While meningitis affects all populations including infants, the elderly, and immunosuppression patients are at higher risk of infection. LPs are most frequently performed on immunosuppressed patients, many of whom suffer from hematologic malignancies with concomitant thrombocytopenia.
The most frequently reported complications of an LP are backache (25%), post-LP headache (22%), and radicular pain (5%). These symptoms are often caused by infection, bleeding, cerebral herniation, late onset of epidermoid tumors of the thecal sac, and nerve injury [5]. Bleeding in the subarachnoid space is associated with significant morbidity relative to other LP-associated complications and warrants significant pre-procedure consideration.
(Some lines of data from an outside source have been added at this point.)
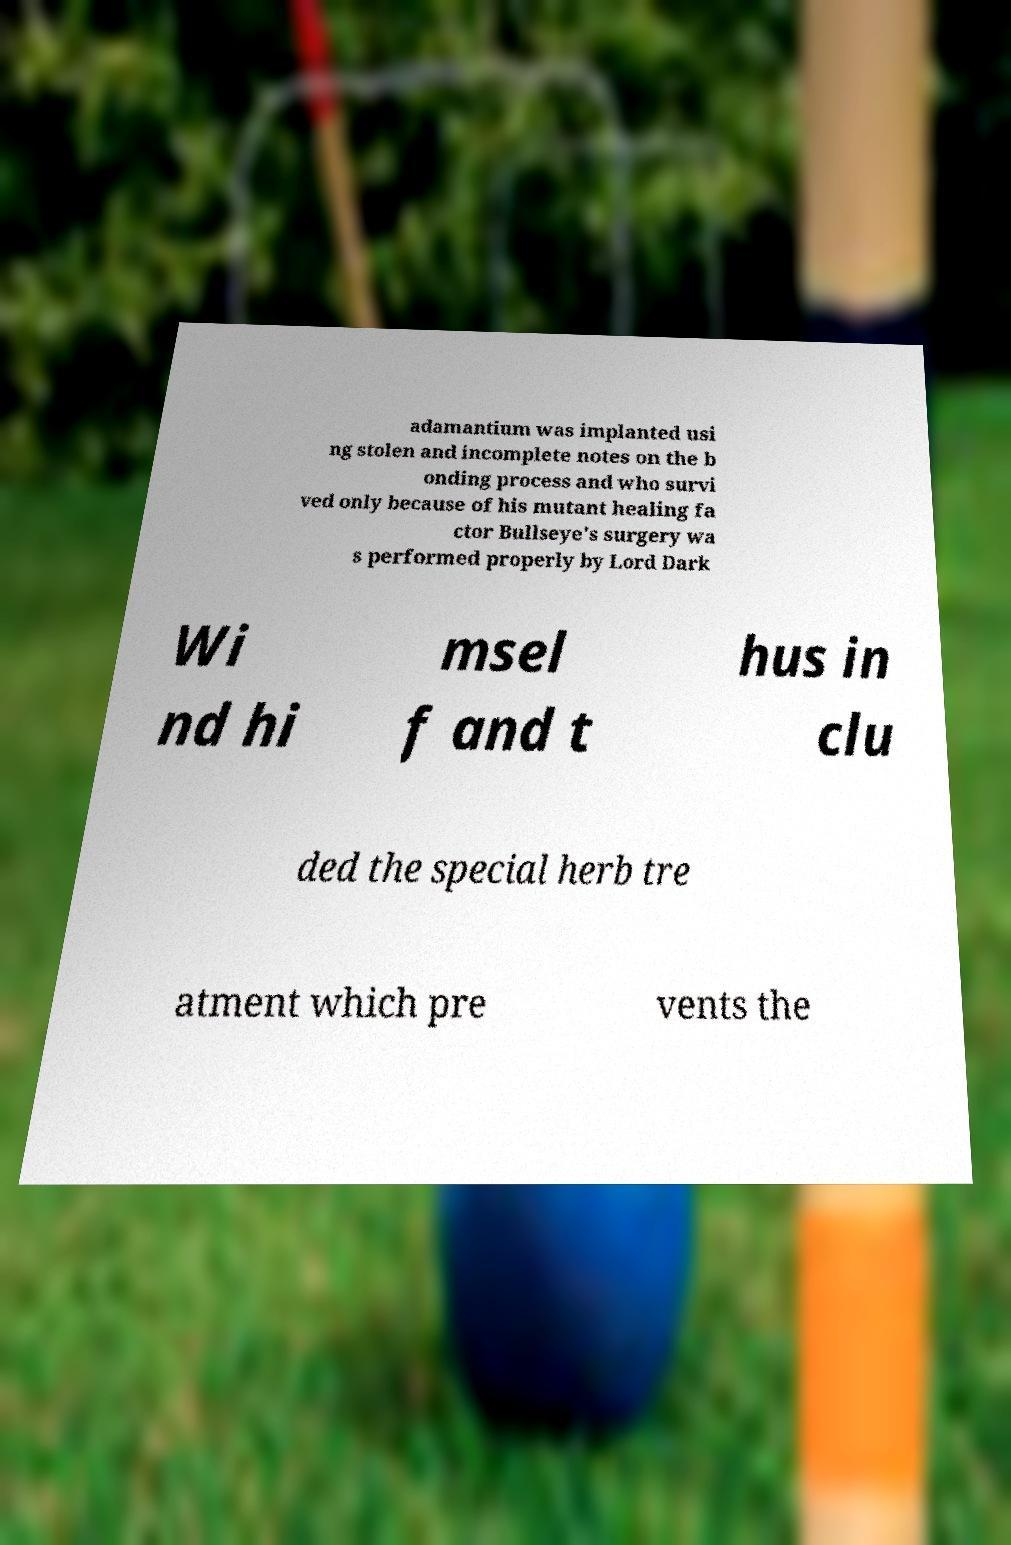Please read and relay the text visible in this image. What does it say? adamantium was implanted usi ng stolen and incomplete notes on the b onding process and who survi ved only because of his mutant healing fa ctor Bullseye's surgery wa s performed properly by Lord Dark Wi nd hi msel f and t hus in clu ded the special herb tre atment which pre vents the 
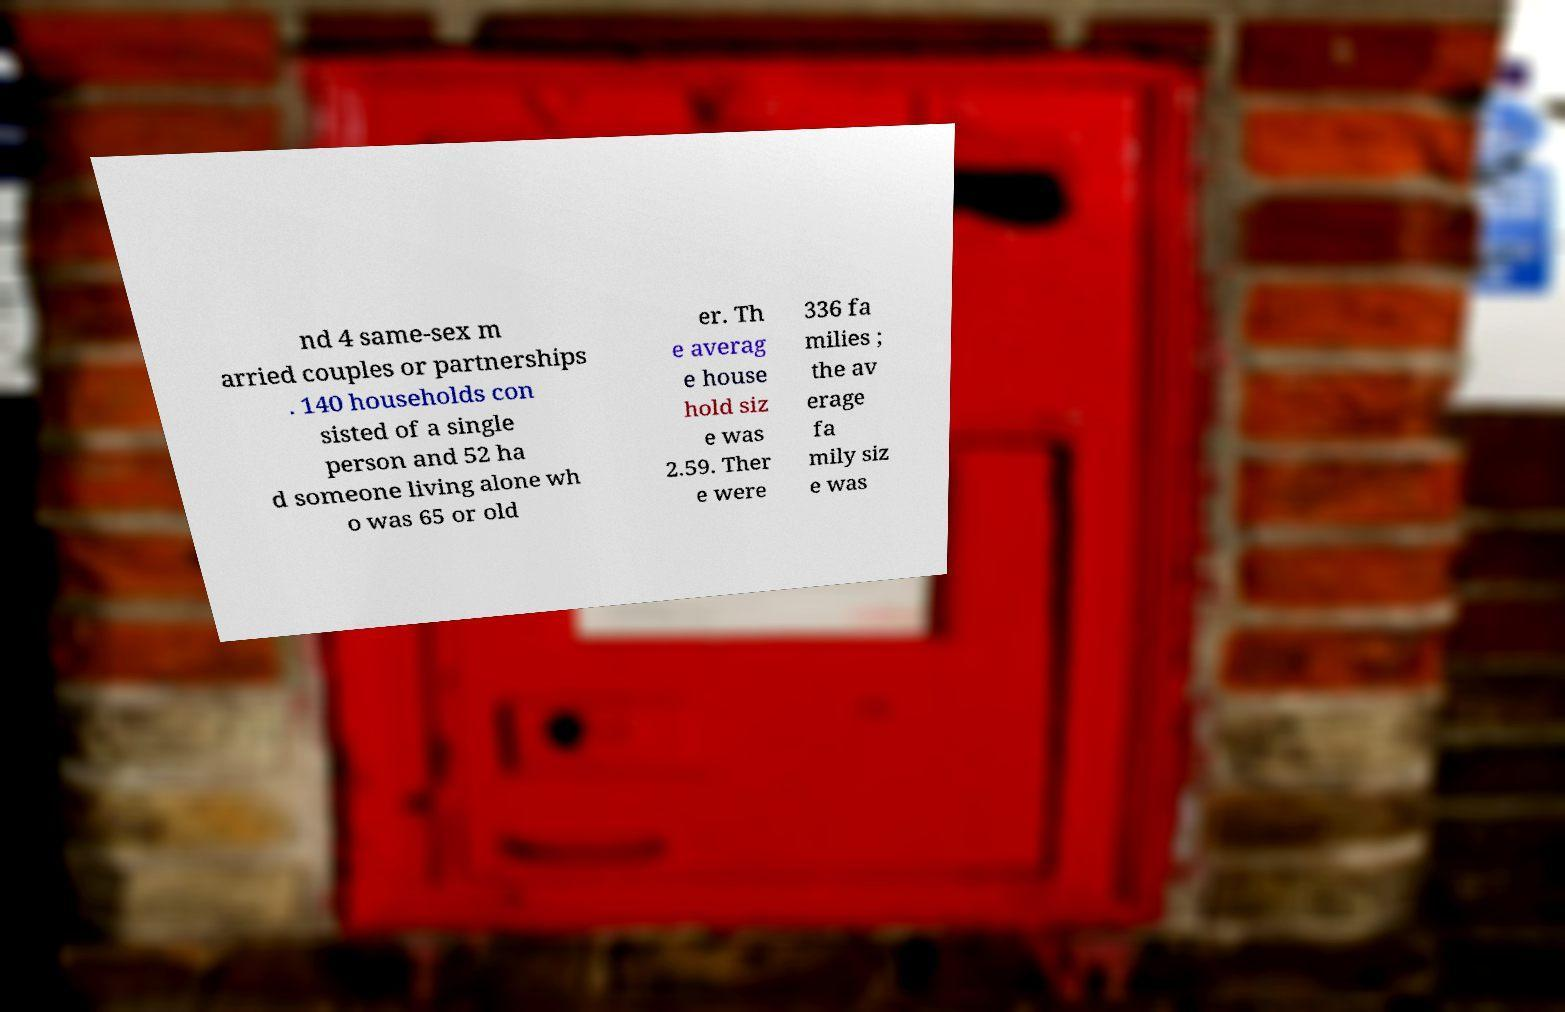Can you read and provide the text displayed in the image?This photo seems to have some interesting text. Can you extract and type it out for me? nd 4 same-sex m arried couples or partnerships . 140 households con sisted of a single person and 52 ha d someone living alone wh o was 65 or old er. Th e averag e house hold siz e was 2.59. Ther e were 336 fa milies ; the av erage fa mily siz e was 
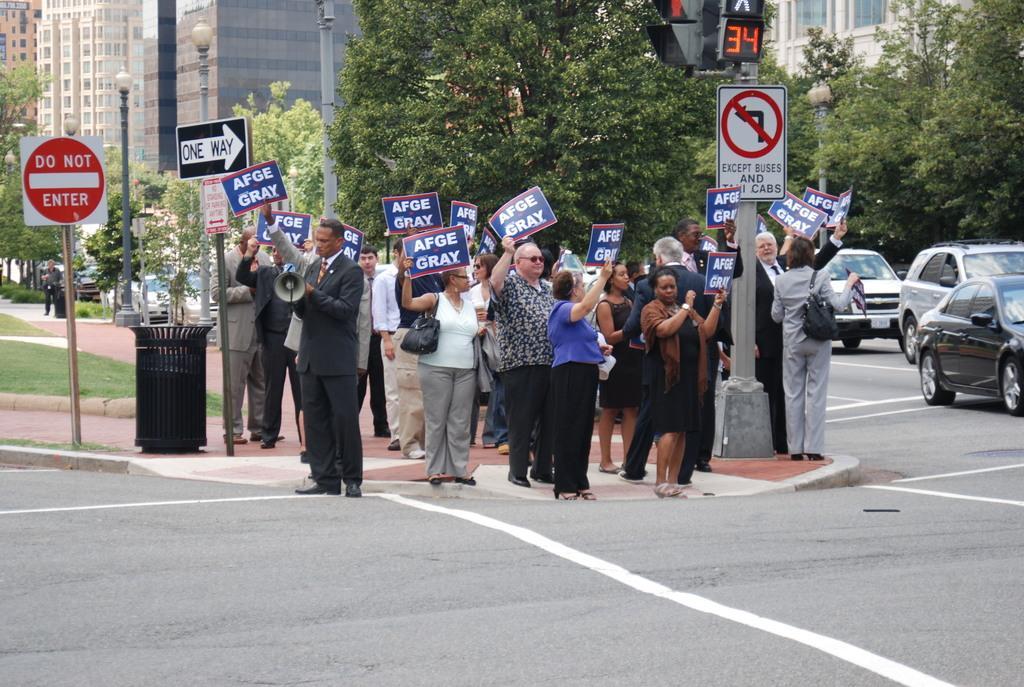Could you give a brief overview of what you see in this image? In the picture I can see this person wearing blazer is holding a microphone and standing on the road and in the background, we can see a few more people holding placards in their hands and standing on the sidewalk. Here we can see caution boards, trash can, traffic signal poles, vehicles moving on the road is on the right side of the image, we can see trees, light poles and the buildings in the background. 
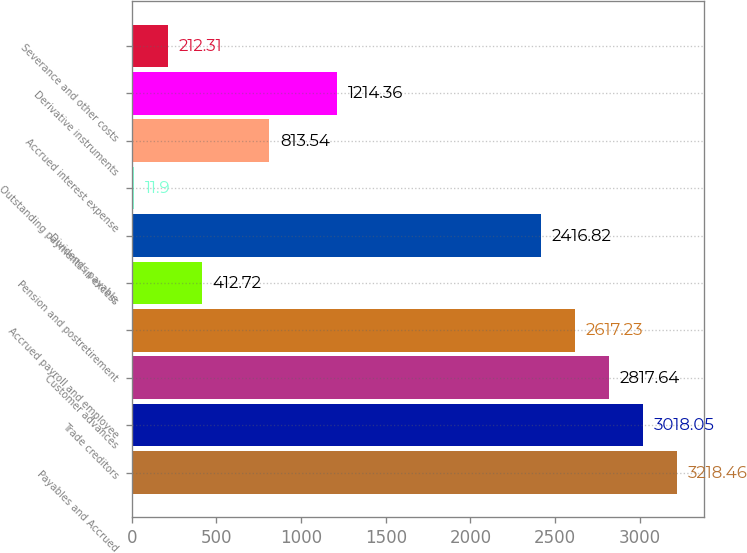Convert chart. <chart><loc_0><loc_0><loc_500><loc_500><bar_chart><fcel>Payables and Accrued<fcel>Trade creditors<fcel>Customer advances<fcel>Accrued payroll and employee<fcel>Pension and postretirement<fcel>Dividends payable<fcel>Outstanding payments in excess<fcel>Accrued interest expense<fcel>Derivative instruments<fcel>Severance and other costs<nl><fcel>3218.46<fcel>3018.05<fcel>2817.64<fcel>2617.23<fcel>412.72<fcel>2416.82<fcel>11.9<fcel>813.54<fcel>1214.36<fcel>212.31<nl></chart>

Thrombocytopenia and elevated intracranial pressure (ICP) almost always necessitate a work-up prior to lumbar puncture [6]. Approximately 10% of bedside LPs are considered "traumatic" and rupture blood vessels that can bleed into the subarachnoid space [7,8]. Due to this, some guidelines recommend a platelet value above 50,000 platelets (plts)/μL before proceeding with a lumbar puncture [6,7,9,10].
Recently, evidence has been mounting against a platelet threshold prior to an LP; until recently, the data was mostly from single-center studies of populations with hematological malignancies that indicated no increased risk for post-LP complications [9]. However, case series of neuraxial anesthesia during parturition and for patients with hematological malignancies undergoing LPs from the 1980s through the 2010s provide consistent evidence for a re-examination of platelet guidelines [7,9,11,12].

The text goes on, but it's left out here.